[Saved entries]
* * *

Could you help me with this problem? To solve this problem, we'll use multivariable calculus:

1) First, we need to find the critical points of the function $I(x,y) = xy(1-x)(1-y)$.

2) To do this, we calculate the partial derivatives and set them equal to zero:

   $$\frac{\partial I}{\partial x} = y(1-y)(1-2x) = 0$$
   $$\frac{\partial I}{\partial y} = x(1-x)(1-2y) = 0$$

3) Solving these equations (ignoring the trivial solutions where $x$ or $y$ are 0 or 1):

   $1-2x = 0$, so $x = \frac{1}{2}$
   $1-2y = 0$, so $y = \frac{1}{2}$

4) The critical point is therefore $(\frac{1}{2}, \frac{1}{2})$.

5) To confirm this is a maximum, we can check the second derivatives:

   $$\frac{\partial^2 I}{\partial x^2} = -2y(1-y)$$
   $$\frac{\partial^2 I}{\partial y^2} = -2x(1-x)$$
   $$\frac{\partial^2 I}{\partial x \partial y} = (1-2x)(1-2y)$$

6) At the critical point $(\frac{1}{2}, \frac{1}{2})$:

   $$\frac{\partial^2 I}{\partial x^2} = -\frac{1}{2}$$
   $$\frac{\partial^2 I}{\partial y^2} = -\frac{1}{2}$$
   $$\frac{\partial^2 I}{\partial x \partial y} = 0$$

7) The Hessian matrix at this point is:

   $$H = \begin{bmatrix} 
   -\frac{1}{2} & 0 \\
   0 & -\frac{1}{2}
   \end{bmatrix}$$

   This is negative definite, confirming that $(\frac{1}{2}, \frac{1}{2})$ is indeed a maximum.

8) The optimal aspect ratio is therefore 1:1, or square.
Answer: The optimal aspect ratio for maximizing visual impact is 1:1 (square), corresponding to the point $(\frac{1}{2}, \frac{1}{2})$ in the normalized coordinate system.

* * *

*ACTIVITY*. Give back only the lines from the one containing "7) The Hessian" through the final line of the entries above, exactly as written, both included.

*ANSWER BELOW*.
7) The Hessian matrix at this point is:

   $$H = \begin{bmatrix} 
   -\frac{1}{2} & 0 \\
   0 & -\frac{1}{2}
   \end{bmatrix}$$

   This is negative definite, confirming that $(\frac{1}{2}, \frac{1}{2})$ is indeed a maximum.

8) The optimal aspect ratio is therefore 1:1, or square.
Answer: The optimal aspect ratio for maximizing visual impact is 1:1 (square), corresponding to the point $(\frac{1}{2}, \frac{1}{2})$ in the normalized coordinate system.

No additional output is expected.